But, never fear, Mrs. Bennet is still firmly focused on traditional marriage to unattached men of means for her five daughters; Mr Bennet is his curmudgeonly self; the younger sisters are as superficial and silly as in the original; and there is the same irresistible combination of biting Austenesque snarkiness, romantic misadventures and misunderstandings, lovers’ quarrels, pathos, heartbreak, sidesplitting one-liners, comic absurdity, and, of course, all that ends well.

Jane Austen is well known for taking the popular courtship plot of the 18th century and transforming it into her own unique brand of incisive social satire combined with the enduring appeal of a romantic love story.  But what is it about Austen that inspires these ongoing adaptations and updates?

In the PBS interview Curtis Sittenfeld said it is the way Austen’s plots create sexual tension by throwing obstacles, misunderstandings, and bad timing in the path of powerful attraction.  You have these two characters who are obviously drawn to each other but who either resist that attraction or manage to miss every opportunity for any kind of consummation, even if it’s just that first confession of romantic feeling or that first kiss. 

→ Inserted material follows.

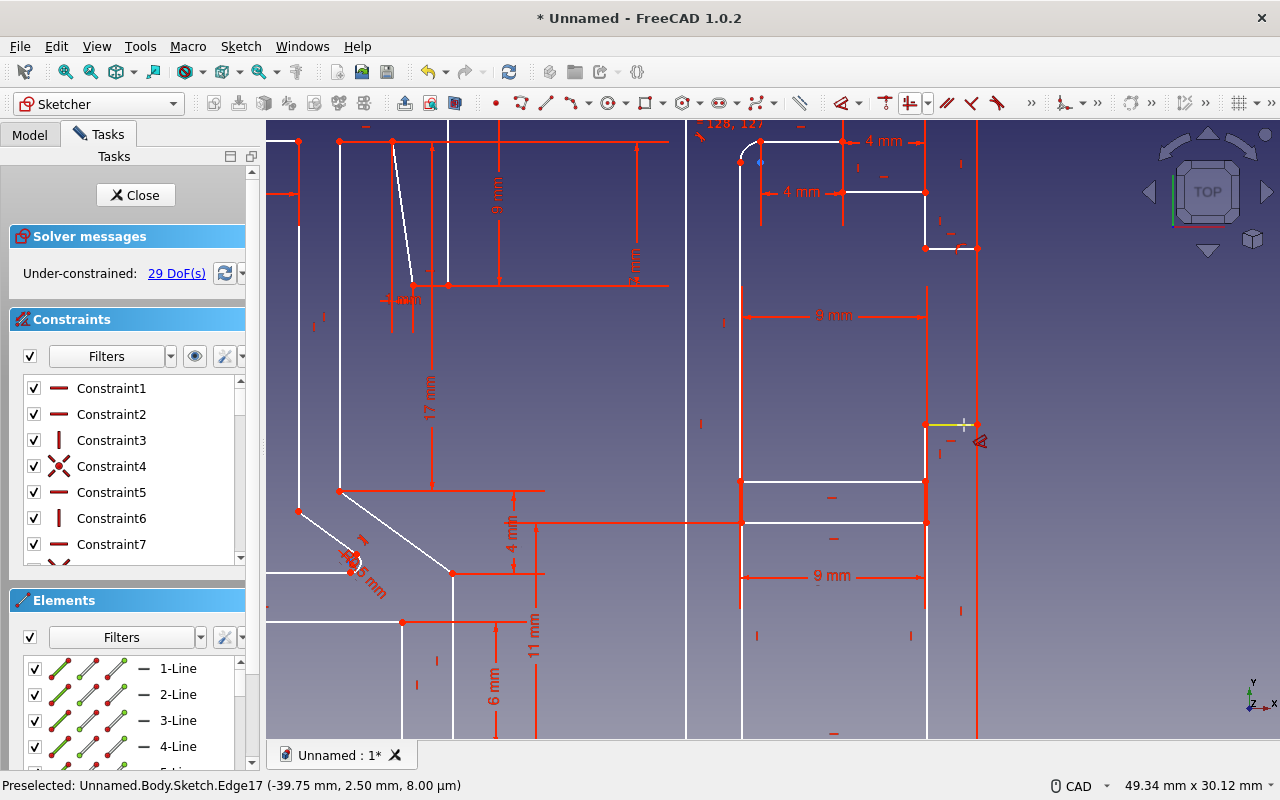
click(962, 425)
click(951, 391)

As Shakespeare said, “the course of true love never did run smooth,” and Austen was a genius for dramatizing, not only that proverb, but also the sheer foolishness and comic absurdity that seems to accompany the human experience of either looking for love, stumbling over it, or missing it entirely.  At the same time, she could capture the authentic pathos of human longing and the joy of fulfillment.

In Pride and Prejudice, we have two characters, both determined to preserve their dignity while in the throes of a strong attraction; both caught in a web of circumstance, gossip, and misunderstanding; leading to a kind of love-hate relationship that raises the sexual tension to an extreme level, until neither the characters nor the reader can stand it no more.

This love-hate relationship is manifested in a martial arts duel between Elizabeth and Darcy in the Zombie version, and if anyone doubts the sub-text, it is fully revealed when Darcy’s sword slices off the buttons off Elizabeth’s bodice.  In Eligible Darcy and Elizabeth have what she calls “hate sex” because their mutual attraction is always masked by their constant conversational sniping.

But for all the humor in these romantic situations, Austen does not ignore the tears that lie just below the surface when human longing is frustrated or denied.  Indeed it is that depiction of genuine human suffering in romance that is a major part of her enduring appeal.

Similarly, for all the outlandish comedy in Eligible, like Austen, Curtis Sittenfeld recognizes the emotional pain that often accompanies the human drama of love and romance.  At one point Elizabeth, having finally admitted to herself her attraction to and longing for Darcy, is certain that Darcy is actually dating Bingley’s sister, Caroline.  She goes for her usual run, shedding tears most of the way, then collapses on a park bench, puts her face in her hands, and sobs.  A black woman passing by stops to check on her, and the normally reserved Elizabeth, exclaims to this stranger, “I am heartbroken!”  The woman responds, “Oh, honey, aren’t we all?”  I include the detail about the stranger’s race because it underscores part of the appeal of Jane Austen that Sittenfeld captures, namely her representation of human experience that transcends, not only race, but all the other social categories we use to divide ourselves from one another. 

And for all the spoofs, parodies, updates, and adaptations of Jane Austen, it is that universal human experience, whether it be comic, romantic, or tragic, at the heart of her novels that ensures her reputation and standing as, not only a perennial favorite, but as a classic writer of literature.